Task prompt:
Among the records below, find the lines that contain "long" and copy each of them.

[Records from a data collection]
····················

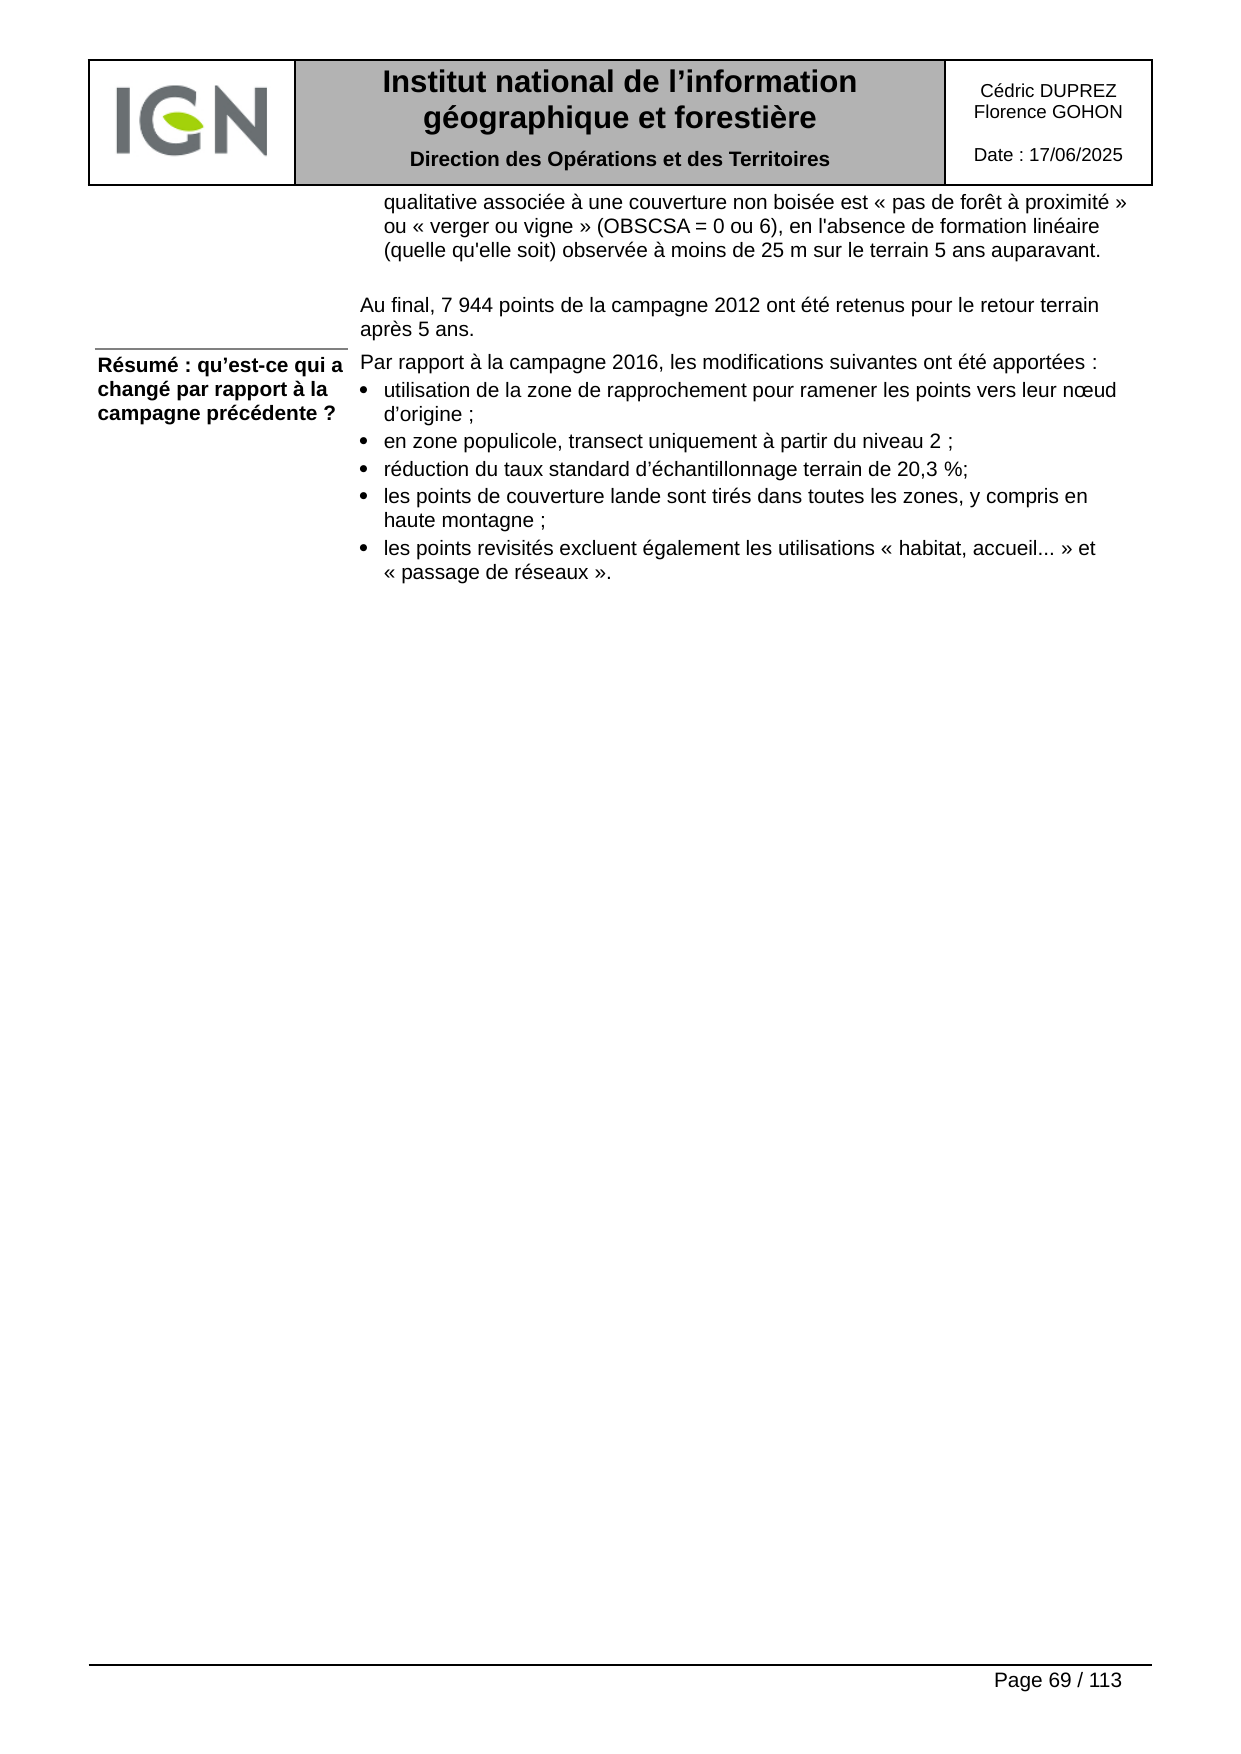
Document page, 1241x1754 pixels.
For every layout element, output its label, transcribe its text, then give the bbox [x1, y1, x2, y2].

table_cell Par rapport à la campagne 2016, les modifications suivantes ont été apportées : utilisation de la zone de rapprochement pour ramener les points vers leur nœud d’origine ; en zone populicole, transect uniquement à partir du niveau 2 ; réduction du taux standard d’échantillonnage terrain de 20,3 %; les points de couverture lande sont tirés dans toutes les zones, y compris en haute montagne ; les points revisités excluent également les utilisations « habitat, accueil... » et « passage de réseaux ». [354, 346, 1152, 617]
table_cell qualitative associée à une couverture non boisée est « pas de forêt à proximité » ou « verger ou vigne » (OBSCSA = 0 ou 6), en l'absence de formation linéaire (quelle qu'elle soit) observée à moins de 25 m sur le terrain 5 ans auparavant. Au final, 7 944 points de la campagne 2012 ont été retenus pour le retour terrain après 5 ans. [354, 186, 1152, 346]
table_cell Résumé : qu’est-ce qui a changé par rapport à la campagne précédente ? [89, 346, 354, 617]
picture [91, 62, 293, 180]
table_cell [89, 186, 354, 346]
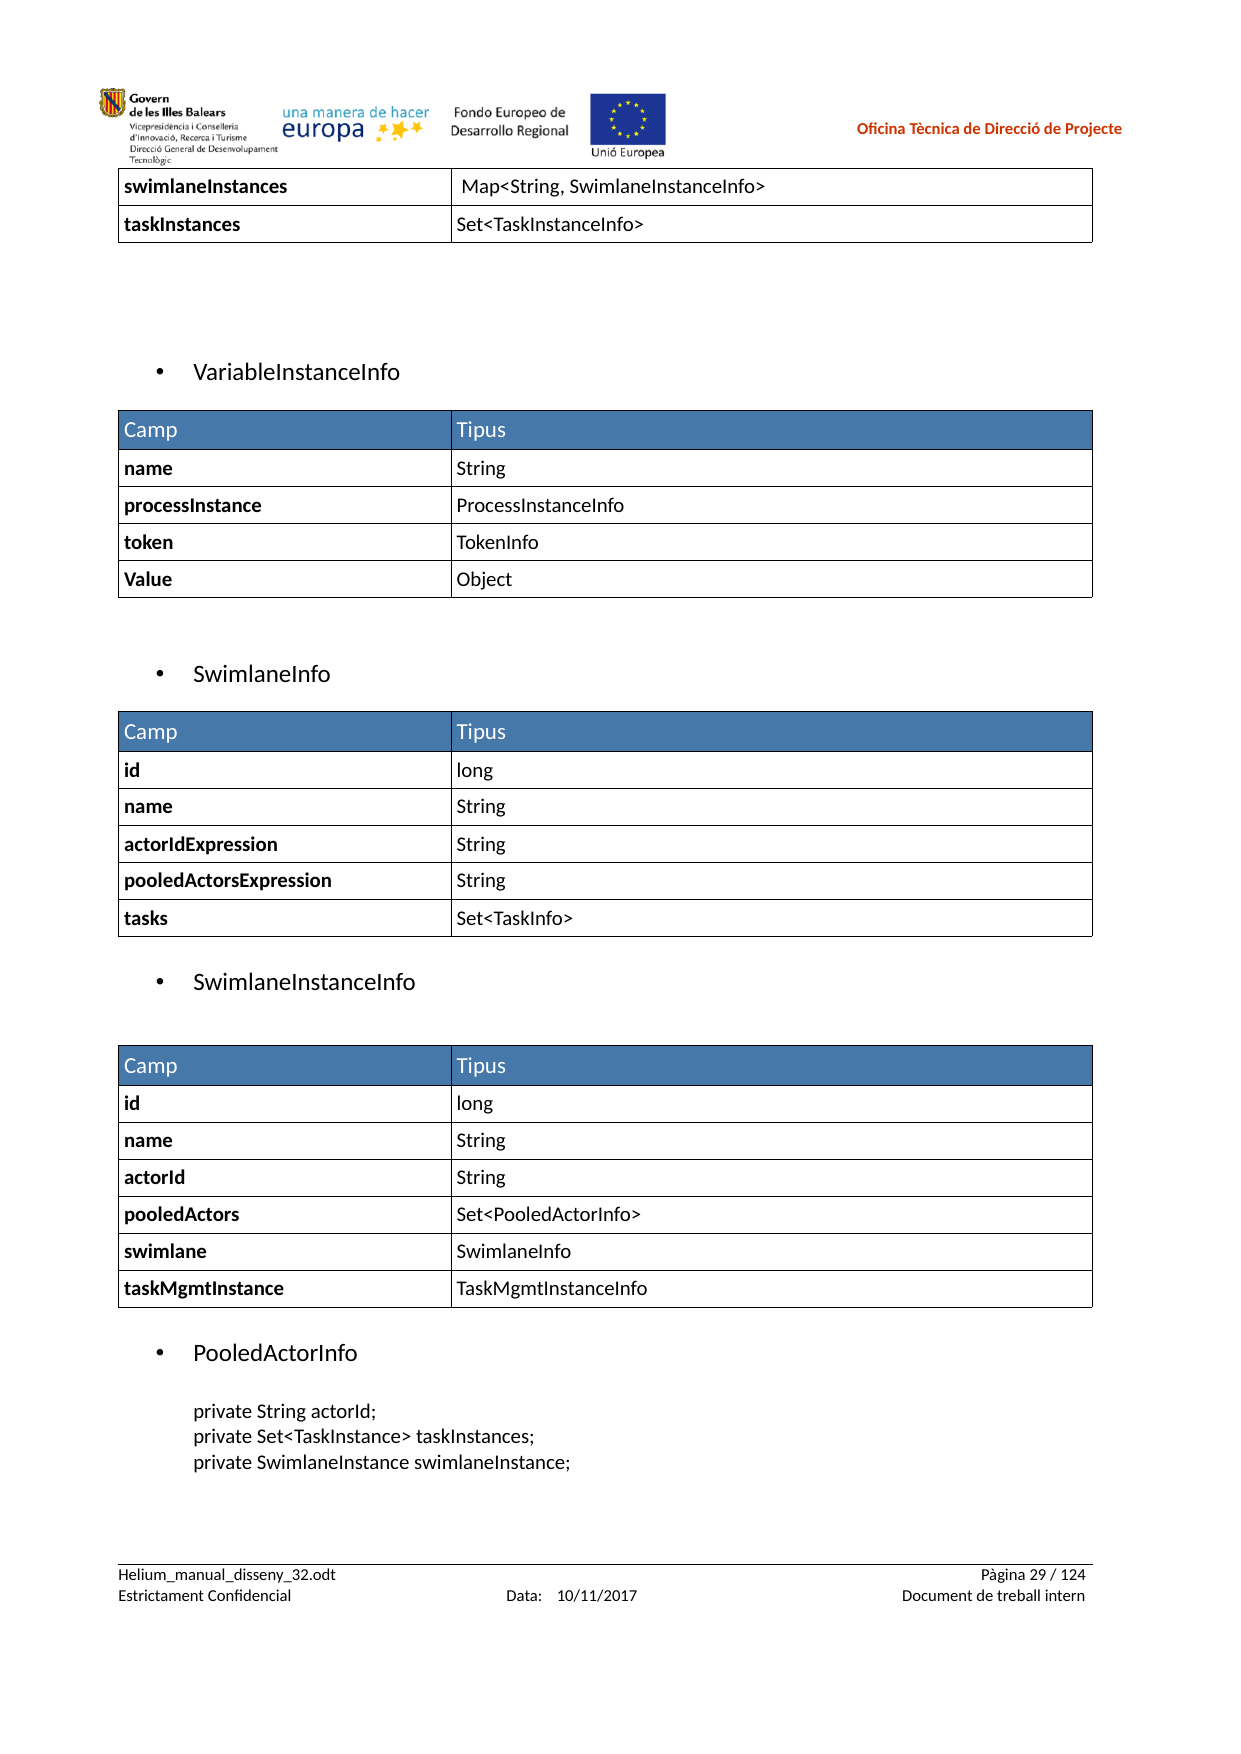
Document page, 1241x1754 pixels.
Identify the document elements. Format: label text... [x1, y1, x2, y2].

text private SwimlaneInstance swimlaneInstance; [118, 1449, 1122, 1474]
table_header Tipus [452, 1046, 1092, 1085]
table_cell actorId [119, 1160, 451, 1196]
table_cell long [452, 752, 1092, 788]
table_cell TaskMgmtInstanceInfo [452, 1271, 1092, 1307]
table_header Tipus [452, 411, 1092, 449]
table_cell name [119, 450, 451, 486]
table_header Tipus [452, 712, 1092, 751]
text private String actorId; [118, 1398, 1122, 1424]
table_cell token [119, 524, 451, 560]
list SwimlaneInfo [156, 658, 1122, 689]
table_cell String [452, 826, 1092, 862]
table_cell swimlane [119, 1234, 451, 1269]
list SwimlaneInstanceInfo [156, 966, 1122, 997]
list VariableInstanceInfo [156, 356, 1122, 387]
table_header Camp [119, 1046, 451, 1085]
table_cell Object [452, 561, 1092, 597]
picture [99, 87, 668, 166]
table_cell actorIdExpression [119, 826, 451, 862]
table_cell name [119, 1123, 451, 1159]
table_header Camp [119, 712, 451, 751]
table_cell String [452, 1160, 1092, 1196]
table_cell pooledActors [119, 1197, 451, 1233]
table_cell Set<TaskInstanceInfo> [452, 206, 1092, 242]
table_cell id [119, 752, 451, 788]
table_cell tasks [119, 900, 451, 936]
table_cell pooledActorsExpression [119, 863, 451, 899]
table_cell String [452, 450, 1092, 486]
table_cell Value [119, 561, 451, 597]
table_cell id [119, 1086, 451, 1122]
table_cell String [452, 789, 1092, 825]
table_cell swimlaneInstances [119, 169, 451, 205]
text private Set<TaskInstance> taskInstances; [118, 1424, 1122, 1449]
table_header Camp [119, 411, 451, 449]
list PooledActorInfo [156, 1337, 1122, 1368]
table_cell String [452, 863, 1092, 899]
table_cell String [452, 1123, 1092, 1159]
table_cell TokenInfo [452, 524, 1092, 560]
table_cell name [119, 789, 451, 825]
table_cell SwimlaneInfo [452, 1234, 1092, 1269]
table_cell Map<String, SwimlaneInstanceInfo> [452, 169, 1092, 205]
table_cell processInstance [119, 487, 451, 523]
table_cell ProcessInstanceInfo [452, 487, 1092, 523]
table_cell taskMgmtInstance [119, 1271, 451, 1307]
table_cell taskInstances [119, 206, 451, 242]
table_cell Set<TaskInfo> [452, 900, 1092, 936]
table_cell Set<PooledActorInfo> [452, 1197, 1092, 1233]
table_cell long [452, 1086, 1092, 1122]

····················

Response to this exercise:
table_cell long [452, 752, 1092, 788]
table_cell long [452, 1086, 1092, 1122]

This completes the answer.